Extracted records

- - - - - - -

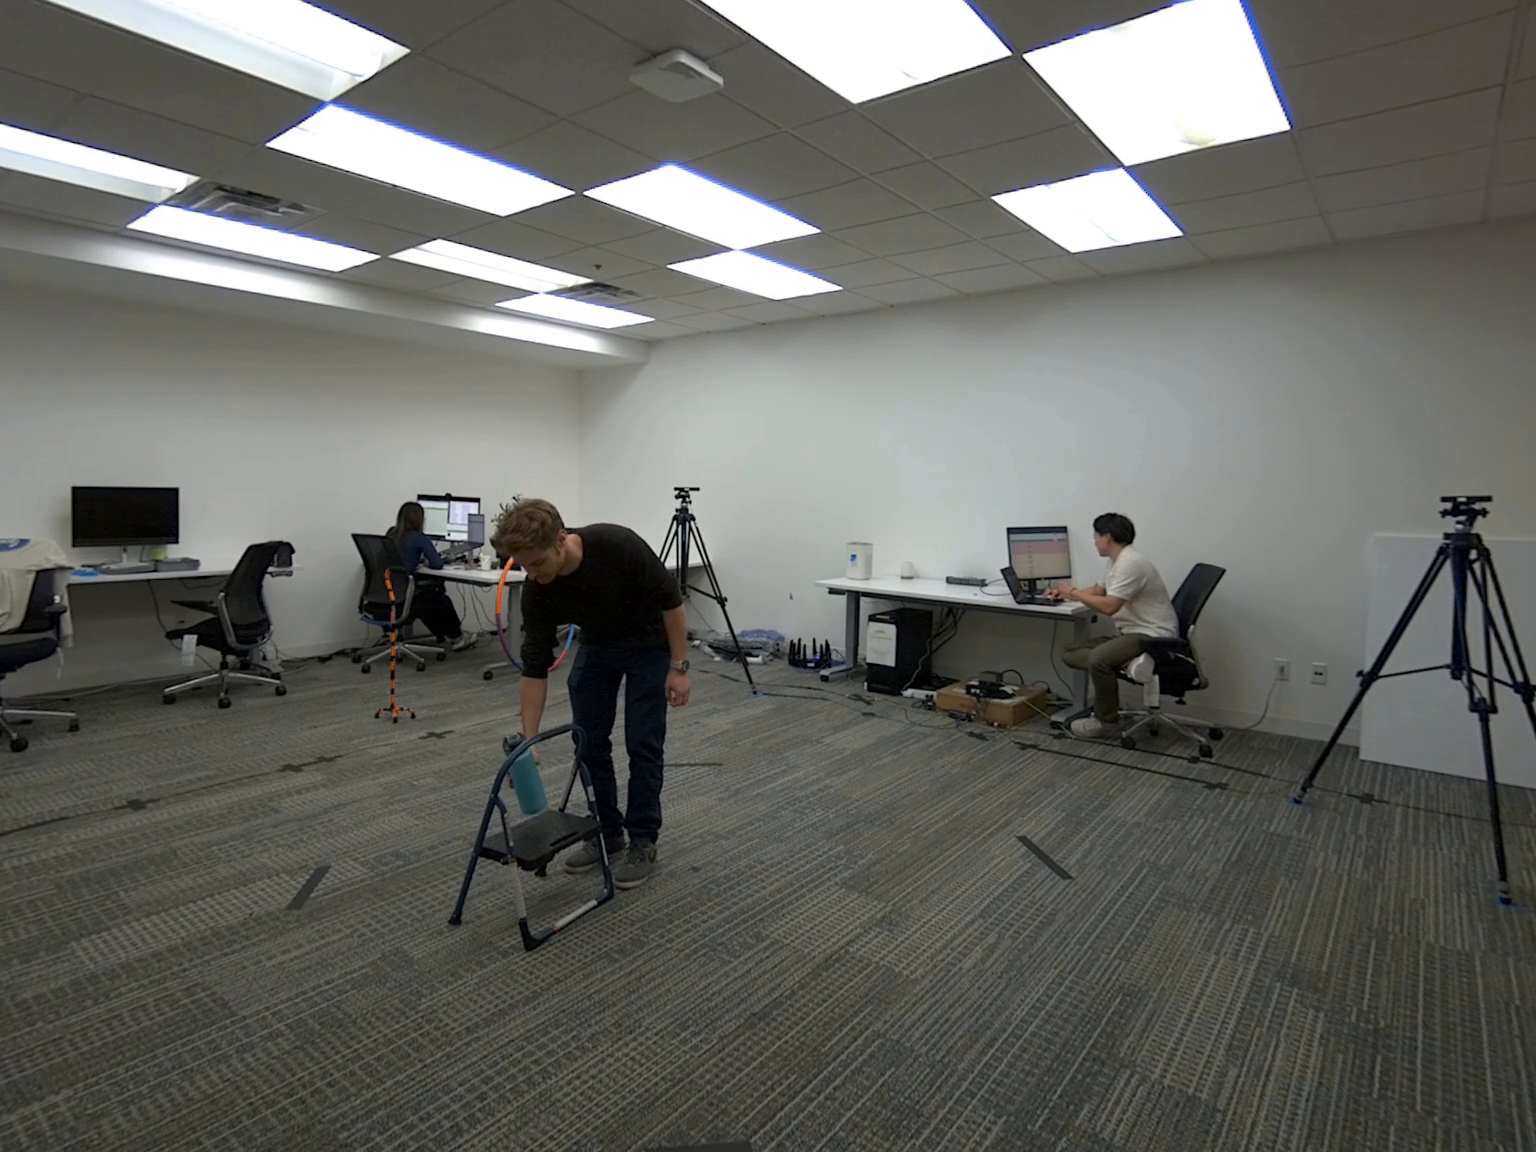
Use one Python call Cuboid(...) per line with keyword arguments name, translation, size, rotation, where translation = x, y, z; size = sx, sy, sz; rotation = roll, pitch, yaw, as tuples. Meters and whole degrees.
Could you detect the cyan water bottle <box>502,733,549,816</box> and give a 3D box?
Cuboid(name="cyan water bottle", translation=(-0.814, 0.631, 2.777), size=(0.092, 0.277, 0.094), rotation=(-8, 19, 1))
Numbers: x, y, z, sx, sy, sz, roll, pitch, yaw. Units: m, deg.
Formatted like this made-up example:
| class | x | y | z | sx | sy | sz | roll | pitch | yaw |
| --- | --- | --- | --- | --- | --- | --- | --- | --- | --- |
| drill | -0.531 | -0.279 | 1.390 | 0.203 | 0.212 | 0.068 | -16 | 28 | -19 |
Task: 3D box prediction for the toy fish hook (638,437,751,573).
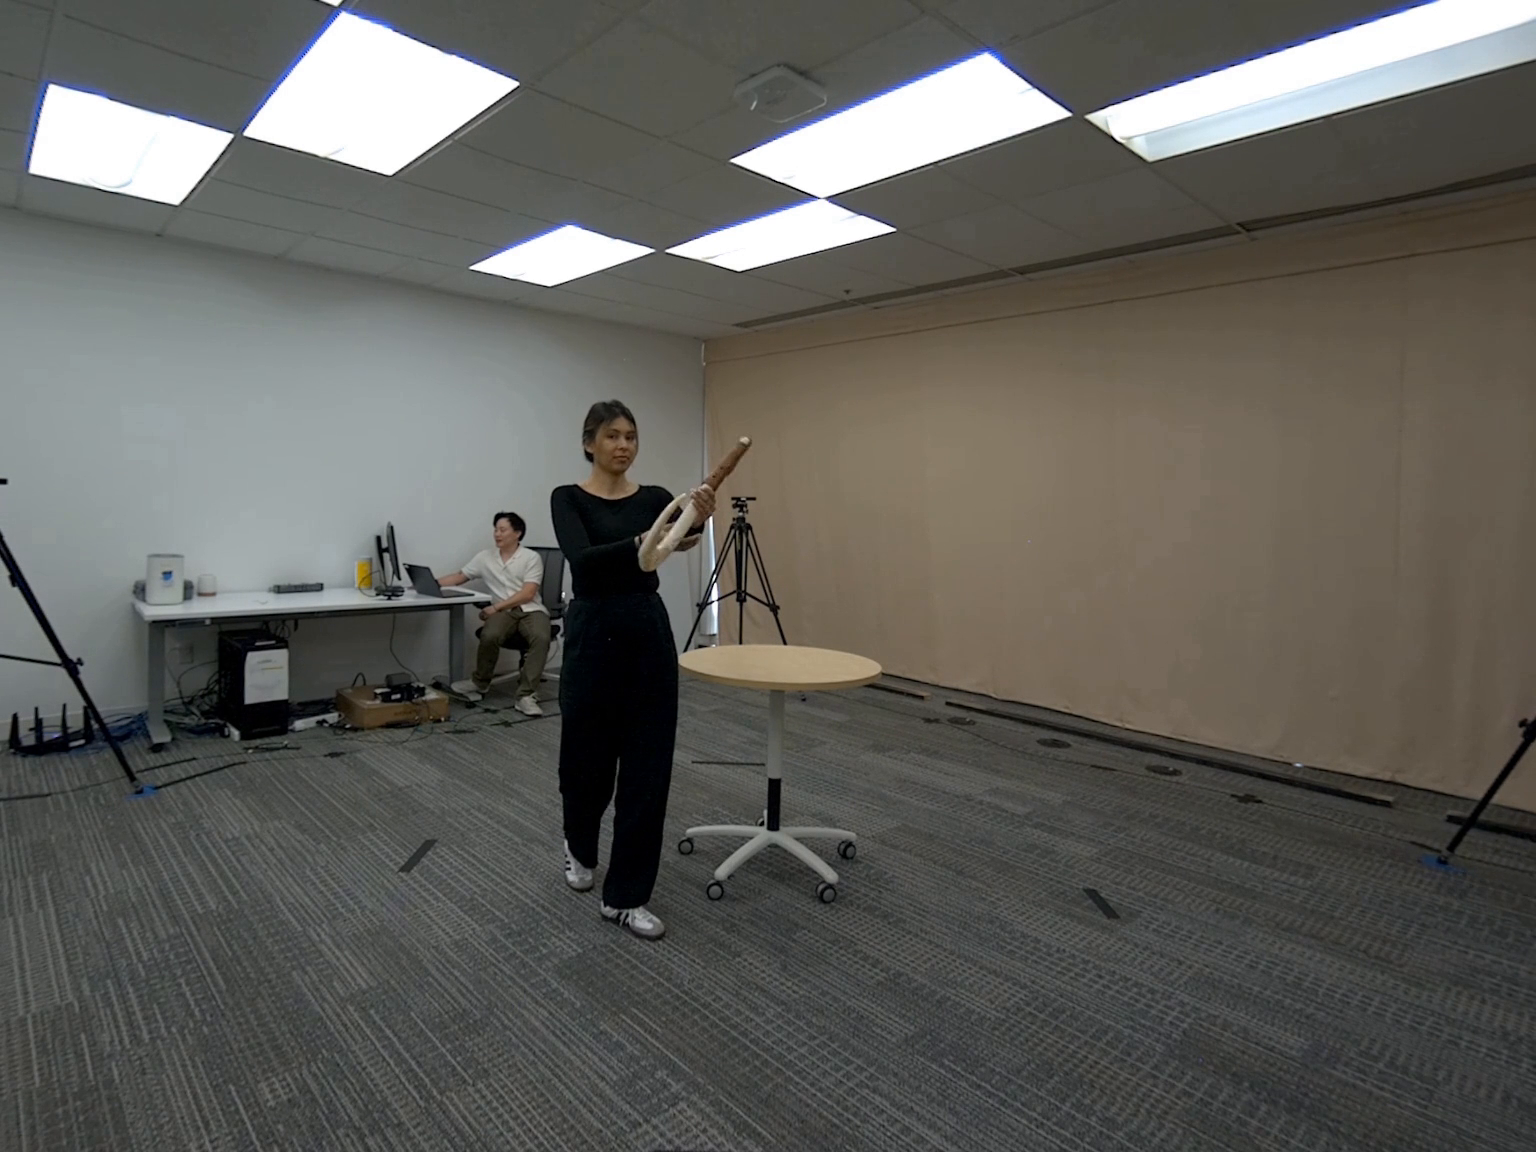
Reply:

- - - - - - -

→ Problem
Whenever the string "roll" shows up in a line of the records, copy that line.

→ Answer space
Use one Python call Cuboid(...) per line with keyword arguments name, translation, size, rotation, where translation = x, y, z; size = sx, sy, sz; rotation = roll, pitch, yaw, as tuples. Meters and whole degrees.
Numbers: x, y, z, sx, sy, sz, roll, pitch, yaw. Units: m, deg.
| class | x | y | z | sx | sy | sz | roll | pitch | yaw |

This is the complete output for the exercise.